Protect Kids, Not Guns

Katherine Portillo, Photographer

In the year 2018 I was a freshman at Downey High School, there are not many details I remember about this year, however I do remember this was when I first became aware and fully comprehended what a school shooting was. Within the first 21 weeks of 2018, 23 mass school shootings had been recorded. 2018 was named “the worst year for US school shootings”. This for me, was when my anxiety about the topic first began.


Feb. 14th, 2018 started as any other Valentine’s Day in Parkland, Florida. It was the last period of the day as students of Stoneman Douglas Highschool were packing up when an ex student (who was expelled) entered campus and opened gunfire, ultimately killing 17 people and injuring many more. This had become the deadliest school shooting since Sandy Hook in 2007.


This was the first big school shooting I could remember. I had heard a few stories and read bits about Sandy Hook and Columbine however I never really looked into them too well. Finding out about Parkland, I was completely devastated, I remember coming home and my mother was glued to the TV, the headline read something along the lines of  “17 dead in mass shooting, suspect not in custody yet”


The next few days in school were very strange. No one really wanted to speak on the subject. however, everyone knew we needed to. This week was taught us how to handle this situation if it were us, as well as protocol. We watched many videos and practiced how to act if our school were to go on lockdown. As this is a very good, it was also very traumatizing for many students like myself. It really got me thinking about whether my school was next in line for a shooting. The following month, a nationwide “walk out” was scheduled for Mar. 14th, exactly a month after the incident, in protest of our current gun rights in America.


After a school shooting happens, we often learn the gunman is mentally ill and has struggled with mental health issues in the past. The question of however is, how does this mentally ill person have access to any sort of gun? Why does it seem so easy purchase one? On June 16th, 2016, CNN put out an article about what things are more difficult than buying a gun. In this article they speak about how purchasing a gun is easier than adopting a puppy, getting a divorce, and getting a driver’s license.


Finishing my freshman year and following into my sophomore year my anxiety about a school shooting had increased tremendously. I was too scared to go to school most days, my parents had no other choice but to keep me at home these days and because of this,it started to affect my learning. The days I was still going to school, I was strategically picking where I sat, I would try to find a spot where I was not in full view from the door and had a very accessible hiding spot near me in case of an emergency. I would also never go to the restroom during class (no matter how bad I needed to) in case we were to go on lockdown while I was in the restroom. As well, I privately ask my teachers to lock the door and cover any spot that can be seen from outside the class.

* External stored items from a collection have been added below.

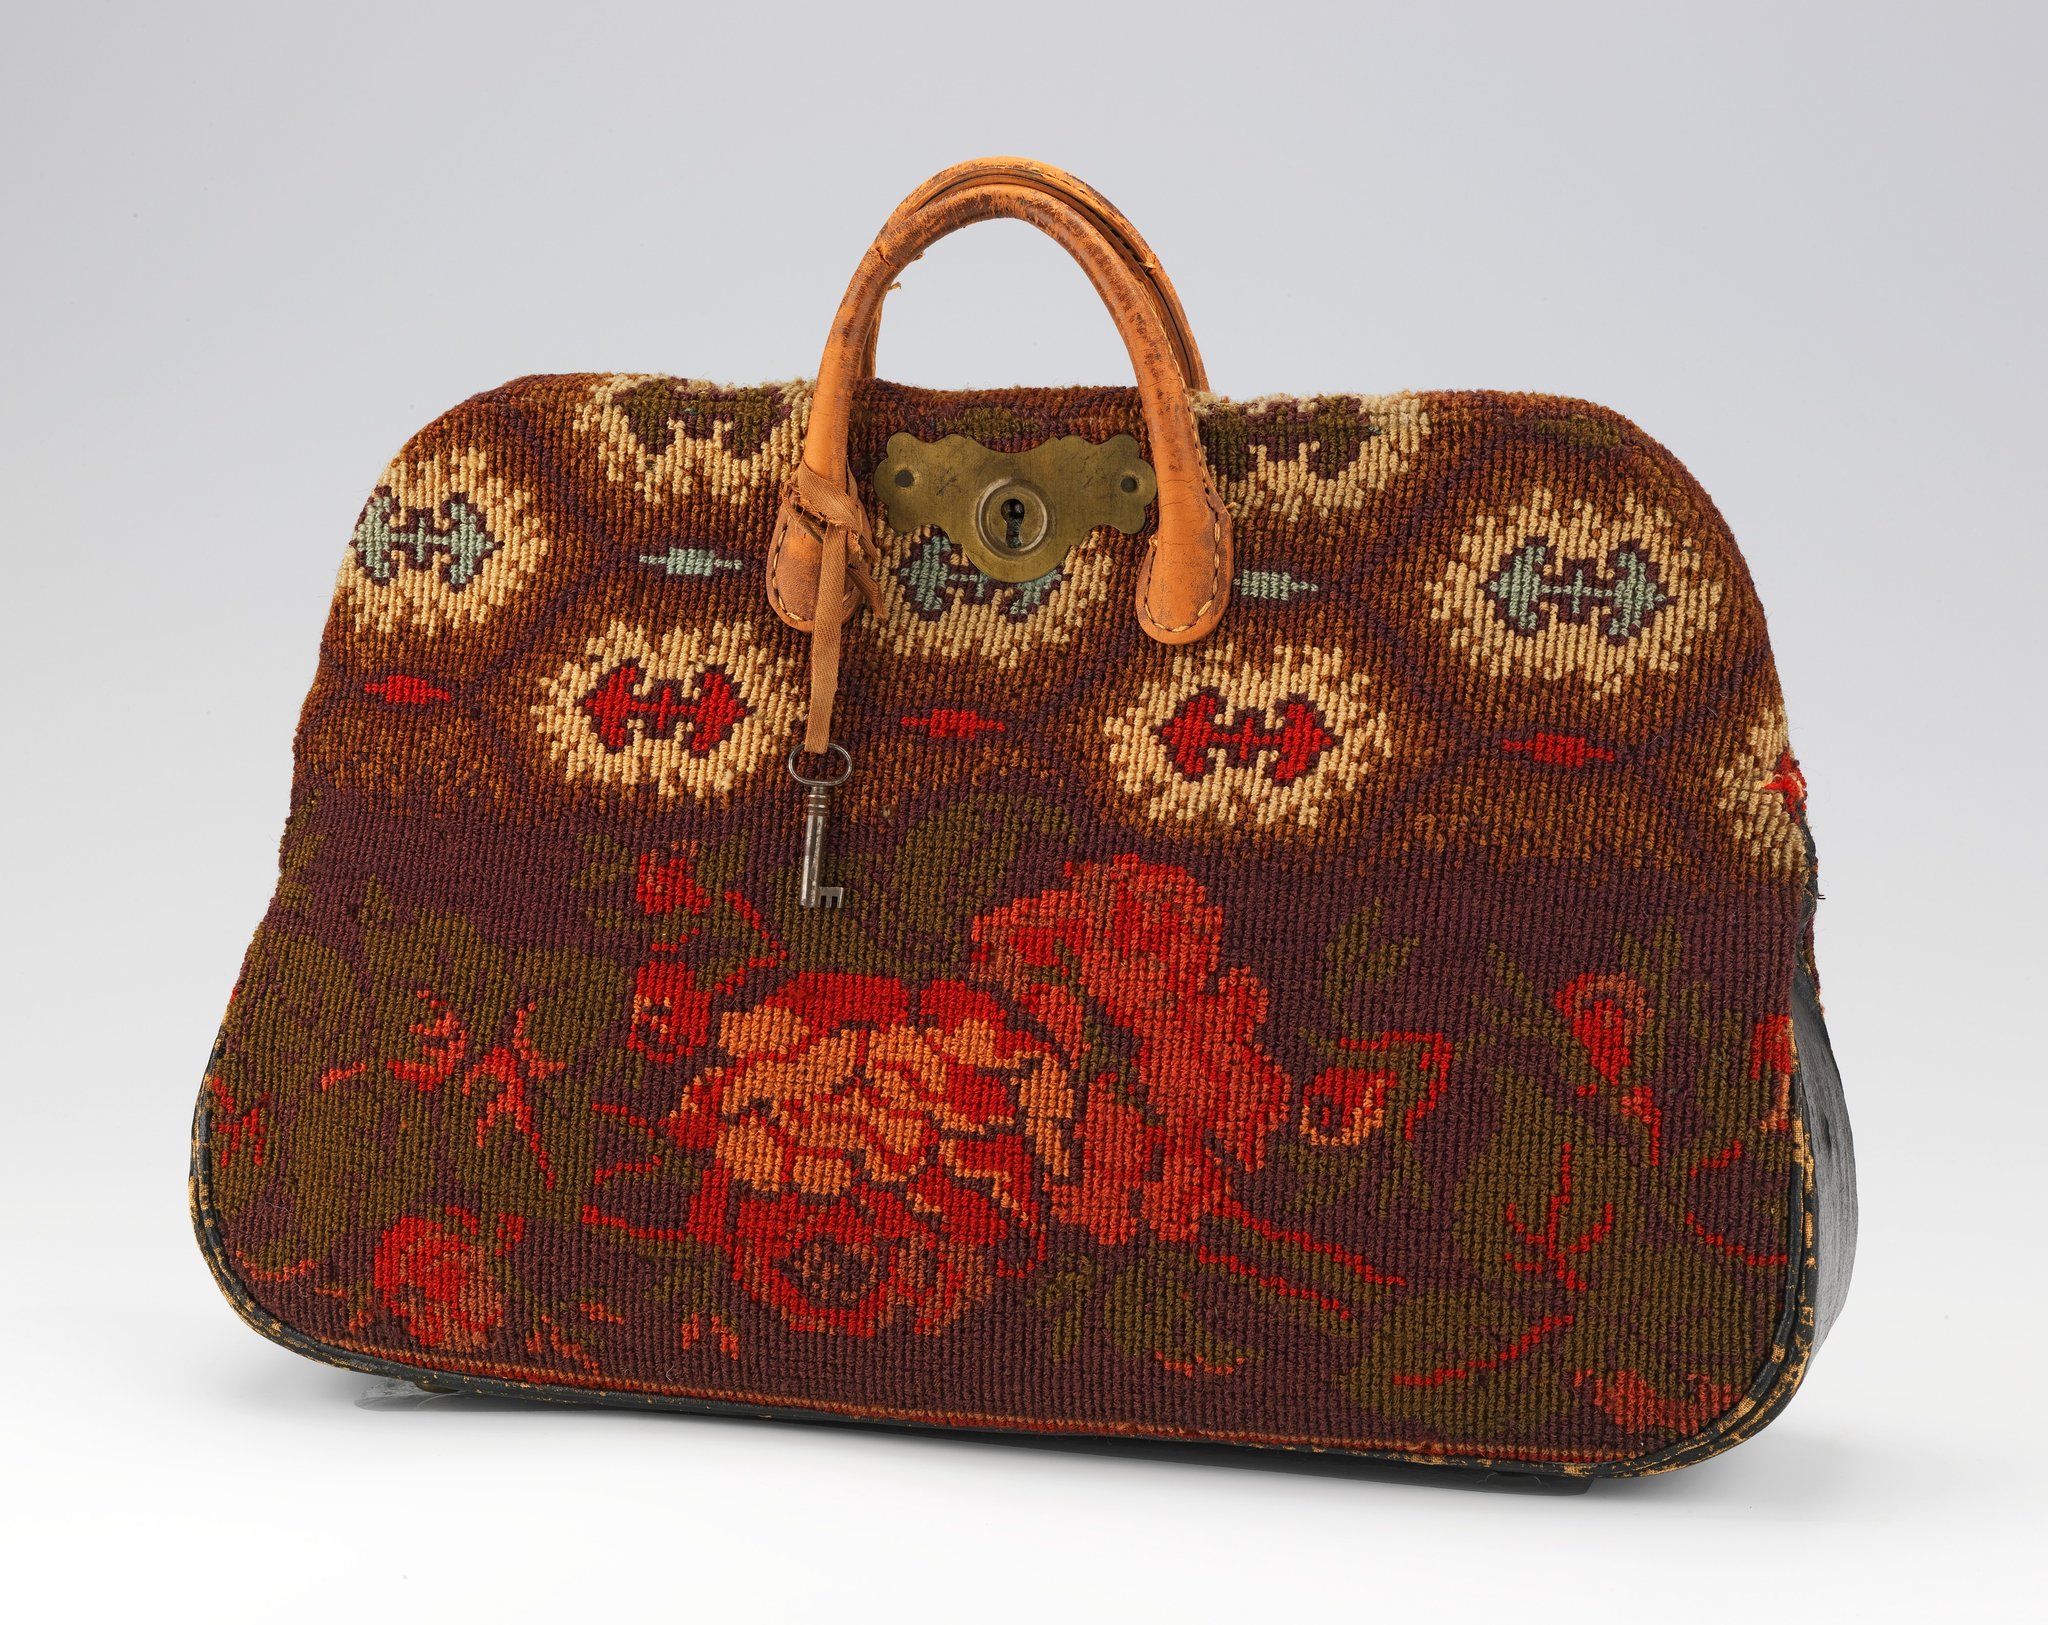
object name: carpetbag
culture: american
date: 1860
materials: cotton, leather, metal, wool

During my sophomore year, I was leaving my third period class, on my way to my friends classroom to pick her up so we could go to lunch. When all of a sudden an announcement was made that we are on lockdown and to get into the nearest classroom. I remember completely freezing in the middle of the crowded hallway. Thankfully my friend knew about my anxiety and pulled me into the class she just came from. Running inside the classroom my friend made room for me in the corner and immediately began to try and calm me down. I was so focused on texting my parents that I was OK that I didn’t realize how the rest of the class was reacting. The teacher had already locked the door, turned off the lights, and a few students began to stack desks in front of the door. After this, everyone stood in the corner not visible from the window as we waited. We still had no clue why we were on lockdown but no one wanted to know. After what felt like hours (turned out to only be about 10 minutes) we were given the all clear to return to normal. It turned out there was some sort of altercation across the street and the police station alerted our principal to go on lockdown for safe measures. 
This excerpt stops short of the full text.